To study the cell phenotype, the putative differentiation marker proteins of conjunctival epithelial cells were identified (Fig. 2B-D). The cells were positive for CK4 and CK19, specific markers of conjunctival epithelial cells. Furthermore, staining for specific secretory conjunctival MUC5AC was positive, indicating the presence of goblet cells.

Reverse-transcription quantitative (RT-q)PCR was also performed to characterize gene expression of conjunctival epithelial cells cultured on the collagen/PLCL scaffolds and TCPS (Fig. 2E). There was no significant difference in CK4 and CK19 expression between cells grown on the collagen/PLCL scaffolds and TCPS; however, MUC5AC transcripts exhibited a significant, 1.5-fold increase in cells grown on collagen/PLCL scaffolds in comparison with those in cells grown on TCPS.

A CCK-8 assay was used to quantify cell proliferation on collagen/PLCL scaffolds and TCPS (Fig. 3A). Starting from the same seeding density, one day after cell seeding, cell proliferation was not significantly different between the scaffolds and TCPS. Although the proliferation was lower than that of cells on the TCPS, conjunctival epithelial cells proliferated well and the number of cells increased with culture time, indicating that the scaffolds were non-toxic.

The live/dead staining was performed, with live cells staining green and red color indicating cell death, revealing only a minor proportion of dead cells on the scaffolds (Fig. 3B). This result further confirmed that the scaffolds were non-toxic.
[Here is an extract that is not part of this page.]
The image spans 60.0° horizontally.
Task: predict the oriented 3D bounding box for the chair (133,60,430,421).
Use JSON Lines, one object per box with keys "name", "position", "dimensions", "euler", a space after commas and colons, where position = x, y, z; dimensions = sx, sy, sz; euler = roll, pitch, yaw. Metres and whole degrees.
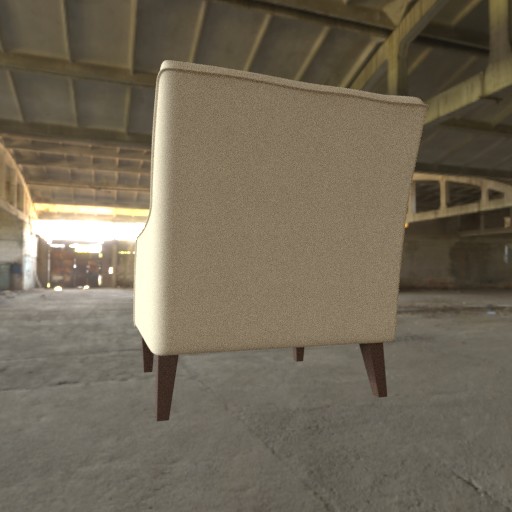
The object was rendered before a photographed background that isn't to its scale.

It is known that numerous scaffolds induce elevated expression of inflammatory genes. Using RT-qPCR analysis, is was demonstrated that IL-4, IL-5 and IL-6 expression between conjunctival epithelial cells cultured on collagen/PLCL scaffolds and those cultured on TCPS was not obviously different (Fig. 4), suggesting that the scaffolds may not elicit any obvious inflammatory responses.

After 1 or 2 weeks of culture in vitro, cell stratification of the cell-scaffold complexes was examined by H&E staining (Fig. 5). The cells adhered tightly to the upper surface of the scaffolds, and 1–2 stratified epithelial layers were present on the surface of the scaffolds after 1 week of culture. With the extension of culture time (2 weeks), cell stratification of the cell-scaffold complexes (3–4 layers) became more similar to the native conjunctiva.